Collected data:
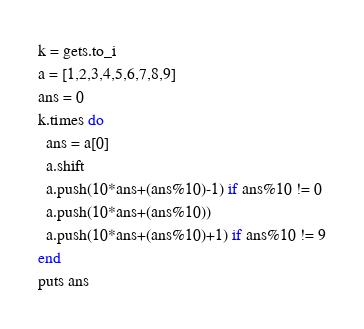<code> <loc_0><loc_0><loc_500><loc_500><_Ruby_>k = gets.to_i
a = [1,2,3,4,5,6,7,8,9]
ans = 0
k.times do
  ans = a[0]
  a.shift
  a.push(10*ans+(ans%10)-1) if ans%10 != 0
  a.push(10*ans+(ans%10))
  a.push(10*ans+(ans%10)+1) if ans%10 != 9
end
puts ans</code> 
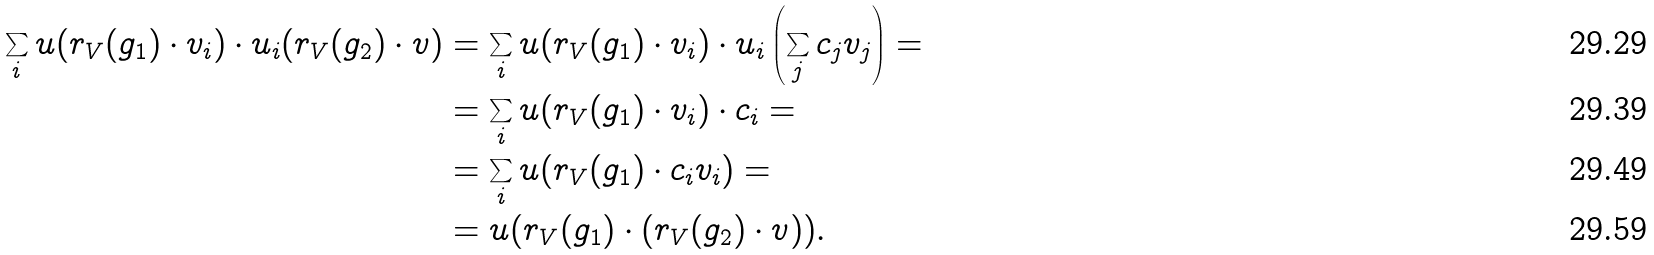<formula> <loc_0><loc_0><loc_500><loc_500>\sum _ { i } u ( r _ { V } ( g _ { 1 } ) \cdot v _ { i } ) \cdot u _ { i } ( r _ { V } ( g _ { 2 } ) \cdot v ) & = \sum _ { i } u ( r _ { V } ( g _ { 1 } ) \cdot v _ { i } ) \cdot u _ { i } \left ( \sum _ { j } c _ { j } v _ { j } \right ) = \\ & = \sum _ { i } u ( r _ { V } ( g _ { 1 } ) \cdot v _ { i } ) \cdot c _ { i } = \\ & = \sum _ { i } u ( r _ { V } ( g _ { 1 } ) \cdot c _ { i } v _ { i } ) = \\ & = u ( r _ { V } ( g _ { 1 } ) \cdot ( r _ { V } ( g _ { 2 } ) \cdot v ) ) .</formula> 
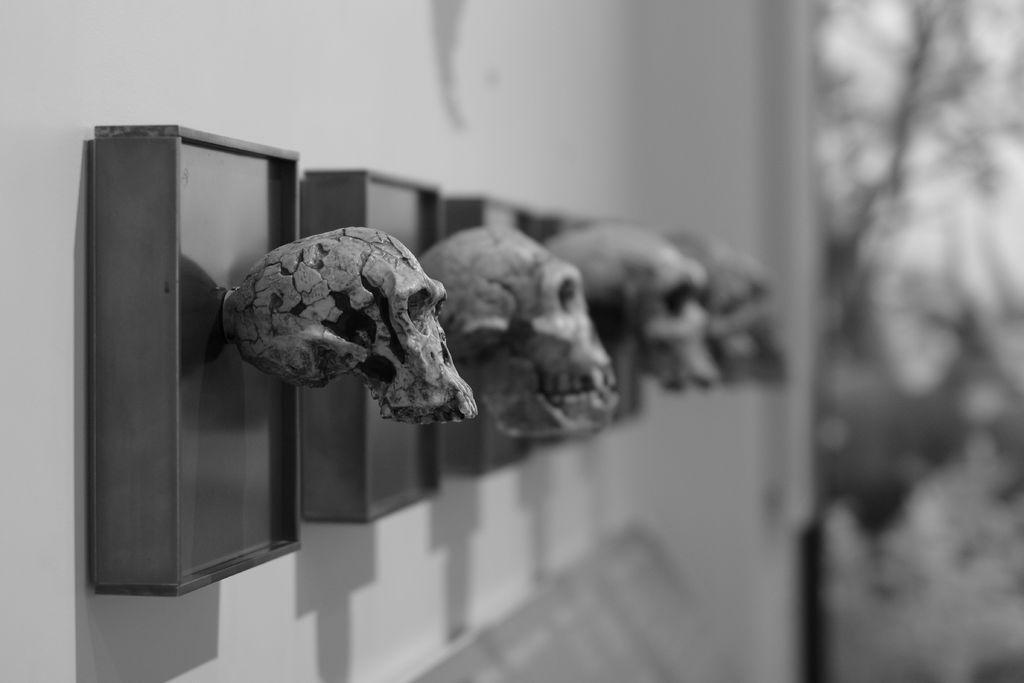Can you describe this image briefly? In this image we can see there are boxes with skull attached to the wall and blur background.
---
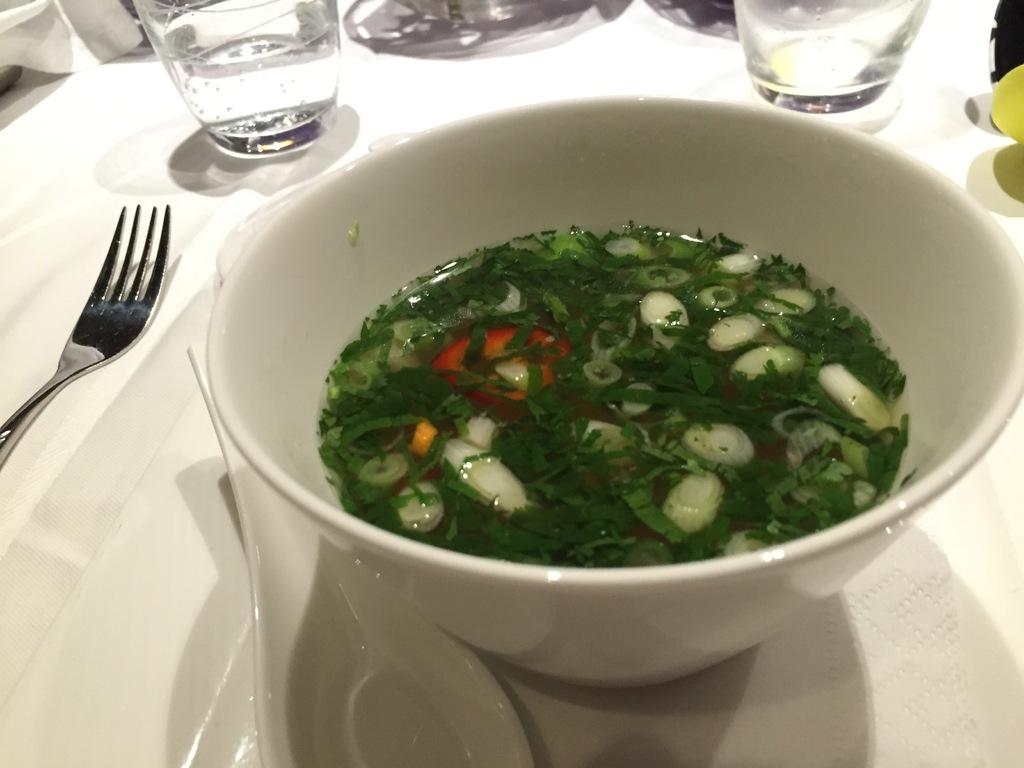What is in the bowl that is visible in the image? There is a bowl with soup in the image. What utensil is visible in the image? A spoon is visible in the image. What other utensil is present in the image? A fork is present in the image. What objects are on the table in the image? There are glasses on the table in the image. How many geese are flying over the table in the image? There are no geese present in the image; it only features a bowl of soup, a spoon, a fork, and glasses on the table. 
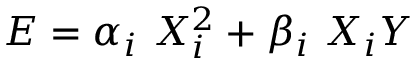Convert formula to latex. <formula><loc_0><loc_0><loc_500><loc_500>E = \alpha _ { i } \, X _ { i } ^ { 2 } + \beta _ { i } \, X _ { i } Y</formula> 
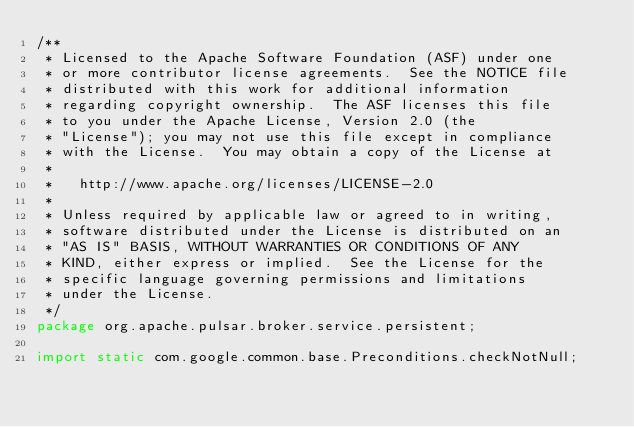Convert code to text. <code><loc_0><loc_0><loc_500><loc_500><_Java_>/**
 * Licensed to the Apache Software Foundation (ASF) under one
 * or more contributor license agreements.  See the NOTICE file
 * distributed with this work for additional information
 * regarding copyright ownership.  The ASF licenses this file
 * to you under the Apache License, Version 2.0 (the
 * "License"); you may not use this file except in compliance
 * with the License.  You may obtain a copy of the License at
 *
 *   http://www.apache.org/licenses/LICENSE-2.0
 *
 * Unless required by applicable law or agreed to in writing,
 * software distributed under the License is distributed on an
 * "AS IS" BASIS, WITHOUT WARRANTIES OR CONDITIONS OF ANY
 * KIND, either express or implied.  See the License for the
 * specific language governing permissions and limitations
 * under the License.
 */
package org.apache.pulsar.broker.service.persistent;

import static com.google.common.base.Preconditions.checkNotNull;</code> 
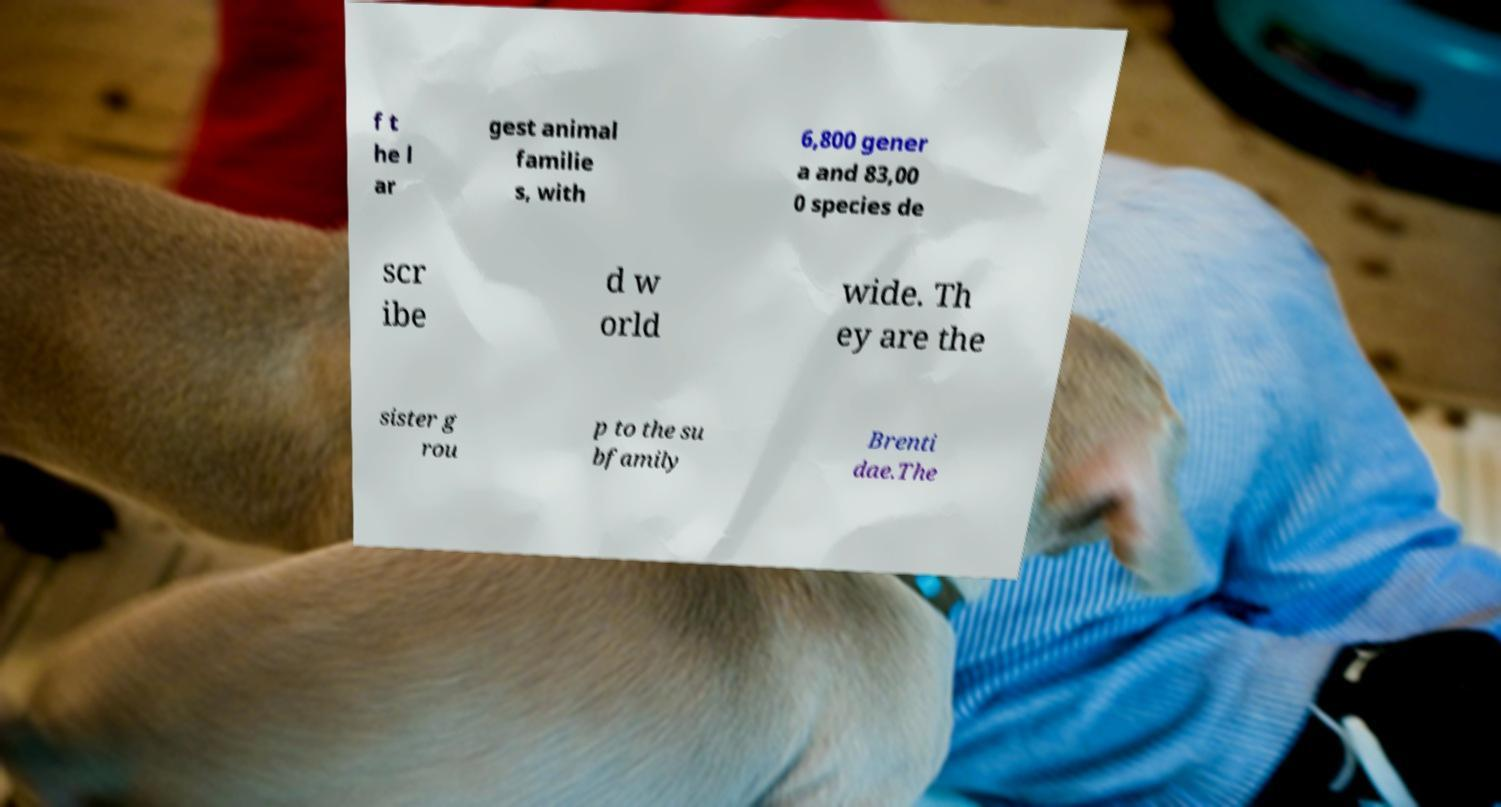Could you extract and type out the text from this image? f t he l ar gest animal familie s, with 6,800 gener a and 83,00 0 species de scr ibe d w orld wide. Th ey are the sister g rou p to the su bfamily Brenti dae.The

Task brief: Using the records above, repeat exactly the run of lines that starts with the line with "package org.apache.pulsar.broker.service.persistent;" and goes on through the line with "Could you extract"; omit each picture.

Exercise solution:
package org.apache.pulsar.broker.service.persistent;

import static com.google.common.base.Preconditions.checkNotNull;</code> 
Could you extract and type out the text from this image? f t he l ar gest animal familie s, with 6,800 gener a and 83,00 0 species de scr ibe d w orld wide. Th ey are the sister g rou p to the su bfamily Brenti dae.The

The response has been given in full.